I've been learning ANTLR, by writing my own (extremely simple!) programming language
It made me curious about how the lexer/parser/AST is implemented for java. Obviously there is a grammar for .java
files and this gets parsed down to ByteCode, which is then validated to check that all is syntactically and sementically correct and then finally a .class
file is written out, but I wondered what happens when you run
java -cp '.' Foo
I assume Foo.class
has to be read in - but does this (the bytecode in the .class
file) then have a grammar of it's own? or is the AST that is formed when the .java
file was compiled just written to disk in binary form, and then just slurped into memory when the java.exe
program runs
I was thinking that it probably does have an AST, as this is probably the essence of what a JIT compiler really is.
-
Generally speaking, the purpose of compiling to bytecode is that a bytecode format of simple opcode-argument tuples can be easily executed by computers without all that expensive lexing/parsing/AST nonsense that our human-readable languages require. But I'm not familiar enough with the JVM to give concrete examples, so leaving this as a comment.Ixrec– Ixrec2015年06月06日 12:37:03 +00:00Commented Jun 6, 2015 at 12:37
-
3Yes.

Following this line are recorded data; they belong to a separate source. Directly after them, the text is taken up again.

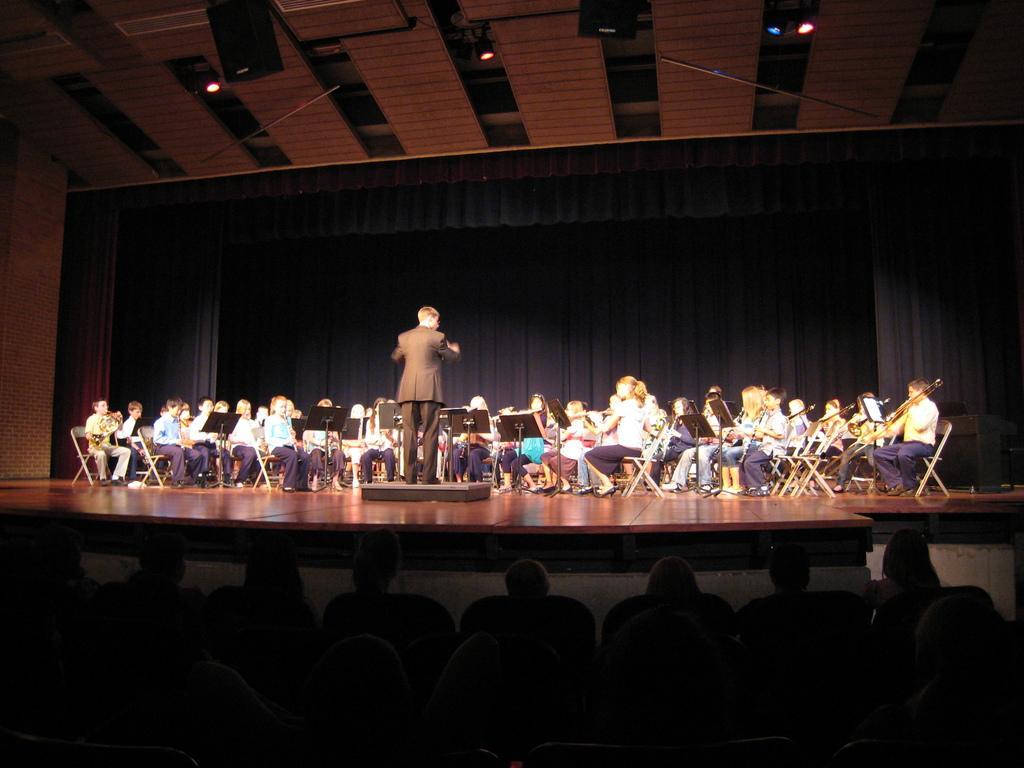In one or two sentences, can you explain what this image depicts? In this image in the middle, there is a man, he wears a suit, trouser, he is standing. On the right there is a man, he wears a shirt, trouser, shoes, he is sitting, he is playing the violin. On the left there is a boy, he wears a shirt, trouser, shoes, he is sitting, he is playing the violin. In the middle there are many people, they are playing violin, they are on the stage. At the bottom there are some people. 
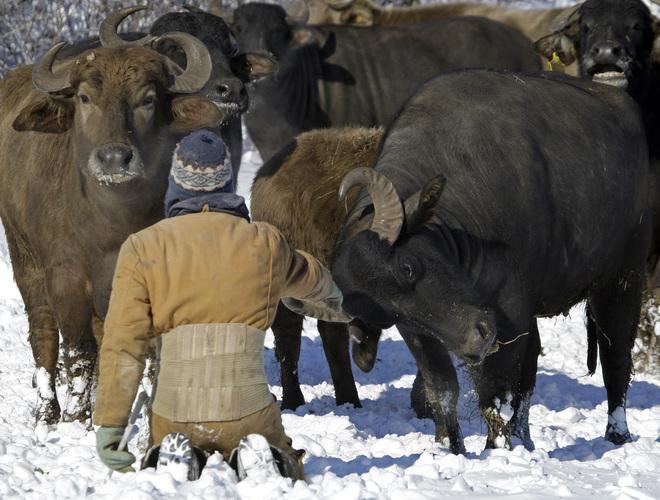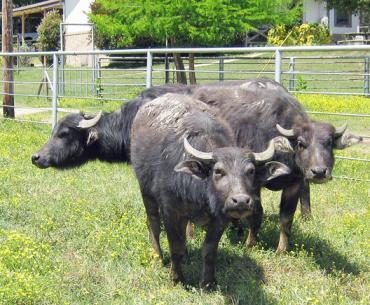The first image is the image on the left, the second image is the image on the right. Analyze the images presented: Is the assertion "At least one image includes a water buffalo in chin-deep water, and the left image includes water buffalo and green grass." valid? Answer yes or no. No. The first image is the image on the left, the second image is the image on the right. Analyze the images presented: Is the assertion "Some water buffalos are in the water." valid? Answer yes or no. No. 
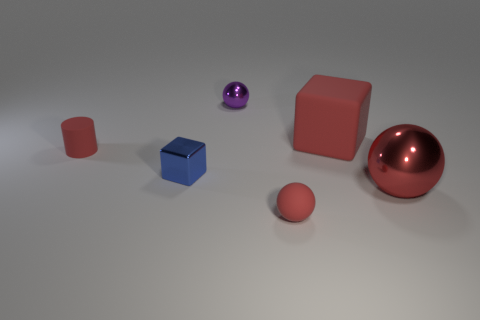Is the number of things to the right of the big matte thing less than the number of small cubes to the right of the tiny blue object?
Make the answer very short. No. What is the material of the object that is right of the large red rubber cube?
Provide a succinct answer. Metal. What size is the rubber block that is the same color as the big metallic sphere?
Your response must be concise. Large. Are there any objects that have the same size as the rubber sphere?
Ensure brevity in your answer.  Yes. Does the purple object have the same shape as the red object on the right side of the rubber block?
Make the answer very short. Yes. There is a shiny sphere in front of the tiny purple sphere; is it the same size as the red matte block behind the tiny blue shiny block?
Provide a succinct answer. Yes. What number of other things are the same shape as the purple object?
Ensure brevity in your answer.  2. What material is the sphere behind the metallic thing that is right of the large block?
Give a very brief answer. Metal. What number of metal objects are red balls or tiny purple spheres?
Provide a short and direct response. 2. Is there any other thing that has the same material as the small cylinder?
Make the answer very short. Yes. 
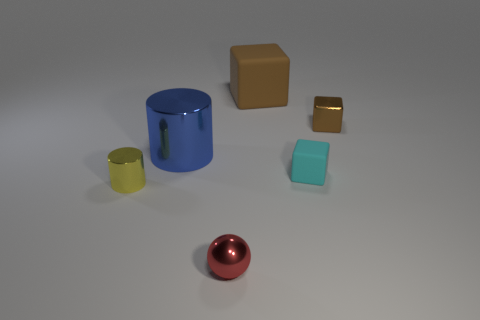The objects appear to be arranged on a flat surface. Is there any discernible pattern or arrangement to how they are placed? The objects seem to be randomly arranged without a discernible pattern. They are spaced out across the surface, each separated from the others, suggesting no intentional grouping or alignment. Could you guess the material the objects might be made of based on their appearance? Based on their appearance, the objects could be made from a variety of materials. The cylinders and the sphere seem to have a metallic look, the cube possibly an opaque matte surface, and the rectangular prism seems to have a slightly translucent or plastic quality. 
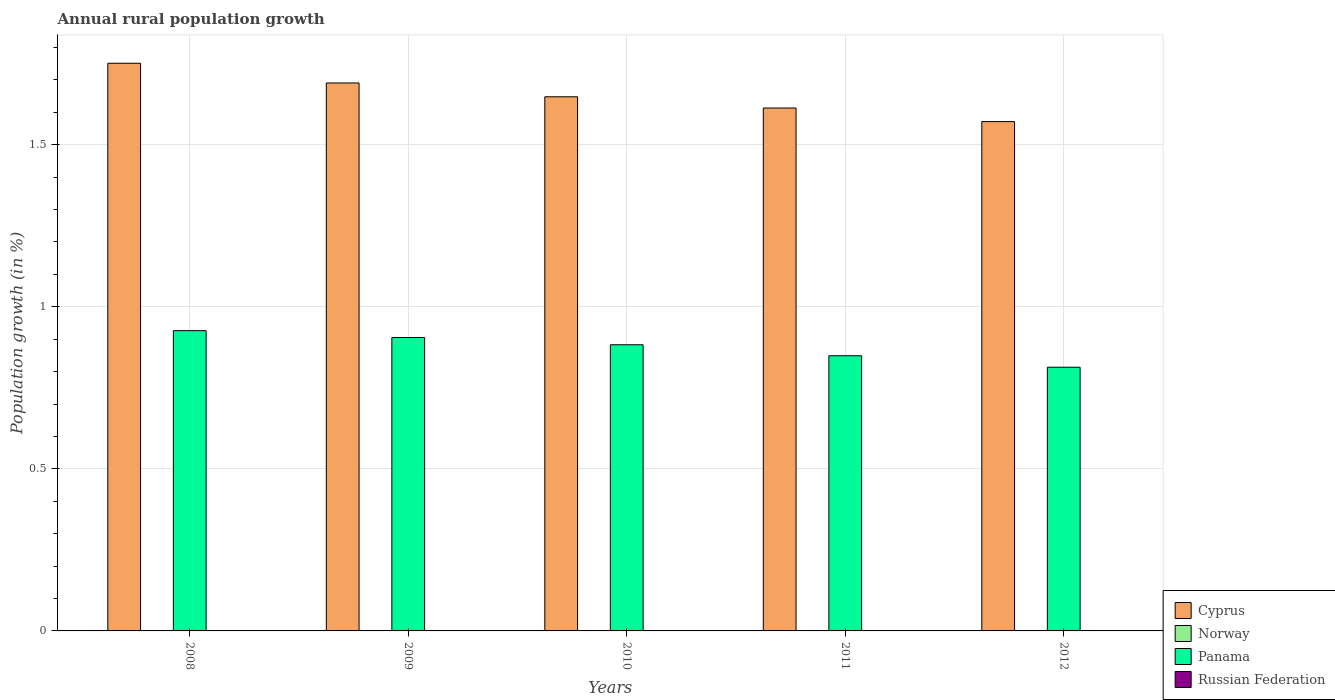How many different coloured bars are there?
Provide a short and direct response. 2. Are the number of bars per tick equal to the number of legend labels?
Offer a terse response. No. How many bars are there on the 2nd tick from the left?
Offer a terse response. 2. How many bars are there on the 4th tick from the right?
Ensure brevity in your answer.  2. Across all years, what is the maximum percentage of rural population growth in Panama?
Provide a succinct answer. 0.93. Across all years, what is the minimum percentage of rural population growth in Panama?
Give a very brief answer. 0.81. What is the difference between the percentage of rural population growth in Panama in 2008 and that in 2012?
Keep it short and to the point. 0.11. What is the difference between the percentage of rural population growth in Norway in 2011 and the percentage of rural population growth in Panama in 2009?
Ensure brevity in your answer.  -0.91. What is the average percentage of rural population growth in Cyprus per year?
Give a very brief answer. 1.65. In the year 2009, what is the difference between the percentage of rural population growth in Panama and percentage of rural population growth in Cyprus?
Provide a short and direct response. -0.79. In how many years, is the percentage of rural population growth in Panama greater than 1.6 %?
Offer a very short reply. 0. What is the ratio of the percentage of rural population growth in Cyprus in 2009 to that in 2012?
Provide a short and direct response. 1.08. Is the percentage of rural population growth in Cyprus in 2008 less than that in 2009?
Your response must be concise. No. Is the difference between the percentage of rural population growth in Panama in 2009 and 2010 greater than the difference between the percentage of rural population growth in Cyprus in 2009 and 2010?
Offer a very short reply. No. What is the difference between the highest and the second highest percentage of rural population growth in Cyprus?
Your answer should be very brief. 0.06. What is the difference between the highest and the lowest percentage of rural population growth in Panama?
Offer a very short reply. 0.11. In how many years, is the percentage of rural population growth in Cyprus greater than the average percentage of rural population growth in Cyprus taken over all years?
Keep it short and to the point. 2. Is the sum of the percentage of rural population growth in Cyprus in 2008 and 2009 greater than the maximum percentage of rural population growth in Panama across all years?
Keep it short and to the point. Yes. Is it the case that in every year, the sum of the percentage of rural population growth in Panama and percentage of rural population growth in Norway is greater than the sum of percentage of rural population growth in Russian Federation and percentage of rural population growth in Cyprus?
Offer a terse response. No. Is it the case that in every year, the sum of the percentage of rural population growth in Cyprus and percentage of rural population growth in Russian Federation is greater than the percentage of rural population growth in Panama?
Provide a short and direct response. Yes. How many years are there in the graph?
Give a very brief answer. 5. Are the values on the major ticks of Y-axis written in scientific E-notation?
Ensure brevity in your answer.  No. Does the graph contain any zero values?
Your response must be concise. Yes. Where does the legend appear in the graph?
Keep it short and to the point. Bottom right. How many legend labels are there?
Your response must be concise. 4. What is the title of the graph?
Your answer should be very brief. Annual rural population growth. What is the label or title of the X-axis?
Provide a short and direct response. Years. What is the label or title of the Y-axis?
Offer a terse response. Population growth (in %). What is the Population growth (in %) in Cyprus in 2008?
Ensure brevity in your answer.  1.75. What is the Population growth (in %) in Norway in 2008?
Offer a terse response. 0. What is the Population growth (in %) of Panama in 2008?
Offer a terse response. 0.93. What is the Population growth (in %) of Russian Federation in 2008?
Offer a terse response. 0. What is the Population growth (in %) of Cyprus in 2009?
Give a very brief answer. 1.69. What is the Population growth (in %) in Panama in 2009?
Offer a very short reply. 0.91. What is the Population growth (in %) in Cyprus in 2010?
Give a very brief answer. 1.65. What is the Population growth (in %) in Norway in 2010?
Your response must be concise. 0. What is the Population growth (in %) in Panama in 2010?
Provide a short and direct response. 0.88. What is the Population growth (in %) of Russian Federation in 2010?
Make the answer very short. 0. What is the Population growth (in %) in Cyprus in 2011?
Keep it short and to the point. 1.61. What is the Population growth (in %) of Panama in 2011?
Provide a short and direct response. 0.85. What is the Population growth (in %) in Cyprus in 2012?
Offer a terse response. 1.57. What is the Population growth (in %) of Panama in 2012?
Keep it short and to the point. 0.81. Across all years, what is the maximum Population growth (in %) of Cyprus?
Keep it short and to the point. 1.75. Across all years, what is the maximum Population growth (in %) in Panama?
Keep it short and to the point. 0.93. Across all years, what is the minimum Population growth (in %) of Cyprus?
Your response must be concise. 1.57. Across all years, what is the minimum Population growth (in %) in Panama?
Make the answer very short. 0.81. What is the total Population growth (in %) in Cyprus in the graph?
Ensure brevity in your answer.  8.27. What is the total Population growth (in %) in Norway in the graph?
Your response must be concise. 0. What is the total Population growth (in %) in Panama in the graph?
Ensure brevity in your answer.  4.38. What is the total Population growth (in %) of Russian Federation in the graph?
Make the answer very short. 0. What is the difference between the Population growth (in %) in Cyprus in 2008 and that in 2009?
Make the answer very short. 0.06. What is the difference between the Population growth (in %) in Panama in 2008 and that in 2009?
Make the answer very short. 0.02. What is the difference between the Population growth (in %) in Cyprus in 2008 and that in 2010?
Offer a terse response. 0.1. What is the difference between the Population growth (in %) of Panama in 2008 and that in 2010?
Keep it short and to the point. 0.04. What is the difference between the Population growth (in %) in Cyprus in 2008 and that in 2011?
Offer a very short reply. 0.14. What is the difference between the Population growth (in %) in Panama in 2008 and that in 2011?
Your answer should be very brief. 0.08. What is the difference between the Population growth (in %) of Cyprus in 2008 and that in 2012?
Your response must be concise. 0.18. What is the difference between the Population growth (in %) in Panama in 2008 and that in 2012?
Provide a succinct answer. 0.11. What is the difference between the Population growth (in %) of Cyprus in 2009 and that in 2010?
Offer a terse response. 0.04. What is the difference between the Population growth (in %) in Panama in 2009 and that in 2010?
Provide a short and direct response. 0.02. What is the difference between the Population growth (in %) in Cyprus in 2009 and that in 2011?
Your answer should be very brief. 0.08. What is the difference between the Population growth (in %) of Panama in 2009 and that in 2011?
Provide a short and direct response. 0.06. What is the difference between the Population growth (in %) of Cyprus in 2009 and that in 2012?
Keep it short and to the point. 0.12. What is the difference between the Population growth (in %) in Panama in 2009 and that in 2012?
Ensure brevity in your answer.  0.09. What is the difference between the Population growth (in %) in Cyprus in 2010 and that in 2011?
Ensure brevity in your answer.  0.03. What is the difference between the Population growth (in %) of Panama in 2010 and that in 2011?
Provide a short and direct response. 0.03. What is the difference between the Population growth (in %) in Cyprus in 2010 and that in 2012?
Your answer should be compact. 0.08. What is the difference between the Population growth (in %) of Panama in 2010 and that in 2012?
Offer a very short reply. 0.07. What is the difference between the Population growth (in %) in Cyprus in 2011 and that in 2012?
Keep it short and to the point. 0.04. What is the difference between the Population growth (in %) in Panama in 2011 and that in 2012?
Give a very brief answer. 0.04. What is the difference between the Population growth (in %) of Cyprus in 2008 and the Population growth (in %) of Panama in 2009?
Give a very brief answer. 0.85. What is the difference between the Population growth (in %) in Cyprus in 2008 and the Population growth (in %) in Panama in 2010?
Offer a terse response. 0.87. What is the difference between the Population growth (in %) in Cyprus in 2008 and the Population growth (in %) in Panama in 2011?
Keep it short and to the point. 0.9. What is the difference between the Population growth (in %) of Cyprus in 2008 and the Population growth (in %) of Panama in 2012?
Ensure brevity in your answer.  0.94. What is the difference between the Population growth (in %) in Cyprus in 2009 and the Population growth (in %) in Panama in 2010?
Provide a succinct answer. 0.81. What is the difference between the Population growth (in %) of Cyprus in 2009 and the Population growth (in %) of Panama in 2011?
Your answer should be compact. 0.84. What is the difference between the Population growth (in %) of Cyprus in 2009 and the Population growth (in %) of Panama in 2012?
Ensure brevity in your answer.  0.88. What is the difference between the Population growth (in %) in Cyprus in 2010 and the Population growth (in %) in Panama in 2011?
Offer a very short reply. 0.8. What is the difference between the Population growth (in %) in Cyprus in 2010 and the Population growth (in %) in Panama in 2012?
Provide a short and direct response. 0.83. What is the difference between the Population growth (in %) of Cyprus in 2011 and the Population growth (in %) of Panama in 2012?
Provide a succinct answer. 0.8. What is the average Population growth (in %) of Cyprus per year?
Offer a very short reply. 1.65. What is the average Population growth (in %) in Panama per year?
Give a very brief answer. 0.88. In the year 2008, what is the difference between the Population growth (in %) of Cyprus and Population growth (in %) of Panama?
Offer a very short reply. 0.82. In the year 2009, what is the difference between the Population growth (in %) in Cyprus and Population growth (in %) in Panama?
Provide a succinct answer. 0.79. In the year 2010, what is the difference between the Population growth (in %) of Cyprus and Population growth (in %) of Panama?
Keep it short and to the point. 0.77. In the year 2011, what is the difference between the Population growth (in %) of Cyprus and Population growth (in %) of Panama?
Your answer should be very brief. 0.76. In the year 2012, what is the difference between the Population growth (in %) of Cyprus and Population growth (in %) of Panama?
Ensure brevity in your answer.  0.76. What is the ratio of the Population growth (in %) of Cyprus in 2008 to that in 2009?
Provide a short and direct response. 1.04. What is the ratio of the Population growth (in %) of Panama in 2008 to that in 2009?
Make the answer very short. 1.02. What is the ratio of the Population growth (in %) in Cyprus in 2008 to that in 2010?
Offer a terse response. 1.06. What is the ratio of the Population growth (in %) in Panama in 2008 to that in 2010?
Your answer should be very brief. 1.05. What is the ratio of the Population growth (in %) in Cyprus in 2008 to that in 2011?
Offer a very short reply. 1.09. What is the ratio of the Population growth (in %) of Panama in 2008 to that in 2011?
Ensure brevity in your answer.  1.09. What is the ratio of the Population growth (in %) of Cyprus in 2008 to that in 2012?
Your answer should be compact. 1.11. What is the ratio of the Population growth (in %) in Panama in 2008 to that in 2012?
Your response must be concise. 1.14. What is the ratio of the Population growth (in %) in Cyprus in 2009 to that in 2010?
Provide a short and direct response. 1.03. What is the ratio of the Population growth (in %) of Panama in 2009 to that in 2010?
Keep it short and to the point. 1.03. What is the ratio of the Population growth (in %) in Cyprus in 2009 to that in 2011?
Your answer should be compact. 1.05. What is the ratio of the Population growth (in %) of Panama in 2009 to that in 2011?
Provide a short and direct response. 1.07. What is the ratio of the Population growth (in %) in Cyprus in 2009 to that in 2012?
Your answer should be very brief. 1.08. What is the ratio of the Population growth (in %) of Panama in 2009 to that in 2012?
Ensure brevity in your answer.  1.11. What is the ratio of the Population growth (in %) in Cyprus in 2010 to that in 2011?
Offer a terse response. 1.02. What is the ratio of the Population growth (in %) in Panama in 2010 to that in 2011?
Offer a very short reply. 1.04. What is the ratio of the Population growth (in %) in Cyprus in 2010 to that in 2012?
Offer a terse response. 1.05. What is the ratio of the Population growth (in %) in Panama in 2010 to that in 2012?
Your answer should be compact. 1.09. What is the ratio of the Population growth (in %) of Cyprus in 2011 to that in 2012?
Provide a succinct answer. 1.03. What is the ratio of the Population growth (in %) in Panama in 2011 to that in 2012?
Provide a succinct answer. 1.04. What is the difference between the highest and the second highest Population growth (in %) in Cyprus?
Your answer should be very brief. 0.06. What is the difference between the highest and the second highest Population growth (in %) of Panama?
Offer a very short reply. 0.02. What is the difference between the highest and the lowest Population growth (in %) in Cyprus?
Give a very brief answer. 0.18. What is the difference between the highest and the lowest Population growth (in %) of Panama?
Your answer should be very brief. 0.11.

You are looking for chapter 4 of the Java Virtual Machine Specification: The class File Format.user40980– user409802015年06月06日 12:37:36 +00:00Commented Jun 6, 2015 at 12:37
1 Answer 1
Technically speaking, there is a parser, but practically speaking, the parser is so trivial, that you typically don't call it a "parser". After all, the JVM bytecode format is specifically designed for being fast and easy to read by a machine and not at all to be readable by humans.
It's basically some fixed-size fields of fixed types and some variable-length arrays of fixed types whose length is provided in a fixed-size field of a fixed type at a fixed location.